O orçamento destinado às polícias pelos estados brasileiros é mais de 5 mil vezes superior ao valor direcionado a políticas para egressos do sistema prisional. Para cada R$ 5.423 aplicados nas corporações policiais em 2025, houve um repasse de R$ 1.169 ao sistema prisional e apenas R$ 1 para ações exclusivas voltadas a quem deixou a prisão.
As informações constam na pesquisa “O Funil de Investimentos da Segurança Pública nos Estados Brasileiros”. O estudo foi elaborado pelo centro de pesquisa Justa e apresentado nesta quinta-feira (17) durante o 20º Encontro do Fórum Brasileiro de Segurança Pública.
A análise examinou a alocação de recursos em 26 unidades federativas, abrangendo as polícias, o sistema penitenciário e os programas para ex-detentos. O Acre ficou de fora por não enviar informações.
Em comparação ao levantamento anterior, com dados de 2024, a discrepância financeira se aprofundou. Naquele período, a proporção era de R$ 4.877 para as polícias contra R$ 1.221 para o sistema prisional e R$ 1 para egressos.
O cenário reflete uma concentração de verbas na porta de entrada da justiça criminal. Segundo Taciana Santos, coordenadora de pesquisas do Justa, injetar mais dinheiro na polícia não garante, por si só, uma sociedade mais segura.
“Esse crescimento de gasto com polícias está associado ao crescimento da bancada da bala e do populismo penal na política”, apontou Taciana, destacando a instrumentalização da insegurança nas campanhas eleitorais.
Orçamento das polícias
As despesas com as polícias estaduais saltaram de R$ 87,5 bilhões em 2024 para R$ 103,5 bilhões em 2025. Contudo, a divisão interna também é desigual, favorecendo o patrulhamento ostensivo das Polícias Militares com R$ 60,7 bilhões (58,6%).
As Polícias Civis ficaram com R$ 22,2 bilhões para investigações, enquanto as Polícias Técnico-Científicas receberam R$ 2,8 bilhões para perícias. Outros R$ 17,8 bilhões foram classificados como gastos compartilhados.
Os números evidenciam que os governos estaduais priorizam o patrulhamento em detrimento da inteligência e da investigação criminal.

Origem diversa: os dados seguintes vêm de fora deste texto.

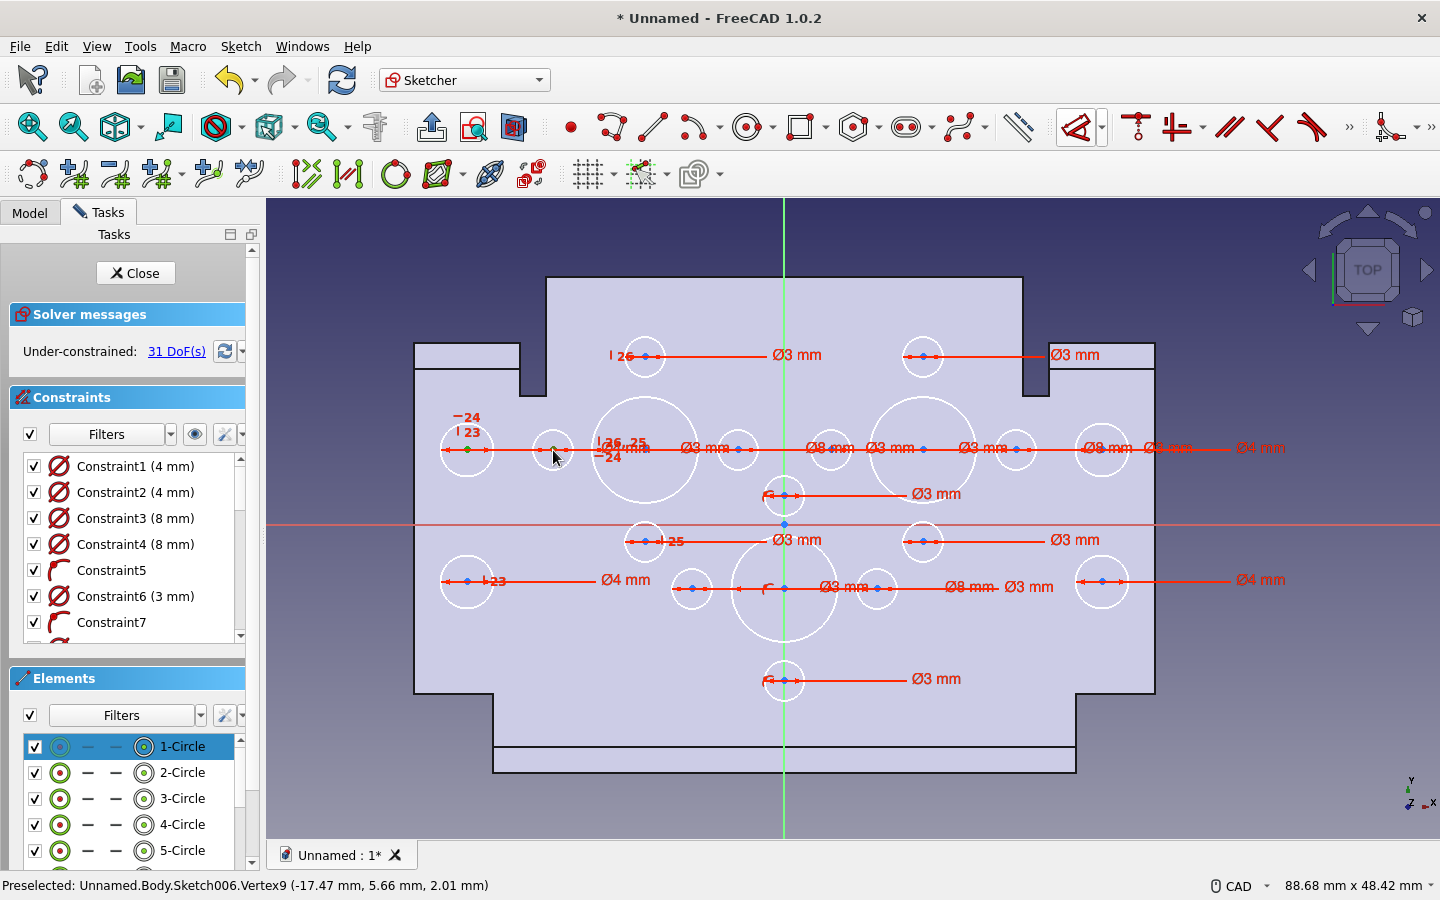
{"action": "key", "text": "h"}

“É uma lógica que ajuda a sustentar um modelo de encarceramento em massa”, ressaltou Luciana Zaffalon, diretora-executiva do Justa.
Orçamento do sistema prisional
Do total de R$ 22,3 bilhões direcionados ao sistema prisional em 2025, cerca de R$ 13,7 bilhões foram consumidos pelo encarceramento de pessoas negras. O montante representa R$ 6 de cada R$ 10 investidos no setor.
“O Brasil prende muito e prende mal”, criticou Zaffalon, pontuando que a maioria dos detentos é pobre e preta, frequentemente vulnerável às facções criminosas dentro dos presídios.
Enquanto os gastos totais do sistema penitenciário permaneceram estáveis em relação a 2024, os acréscimos orçamentários foram direcionados à expansão de vagas, em detrimento de saúde e alimentação.
Na outra ponta, os investimentos em programas para ex-detentos continuaram estagnados. Os estados destinaram R$ 19 milhões para esse fim em 2025, um leve aumento frente aos R$ 18 milhões do ano anterior.
Políticas para egressos
Apenas sete estados investiram em ações exclusivas para egressos em 2025. O número representa uma leve alta em relação aos seis estados registrados no ciclo anterior.
Rio Grande do Sul e Santa Catarina voltaram a figurar na lista, enquanto São Paulo e Ceará lideraram os maiores aportes financeiros para essa finalidade no país.
Especialistas reforçam que ignorar a saída do sistema prisional restringe as chances de reinserção social e eleva as taxas de reincidência criminal no país.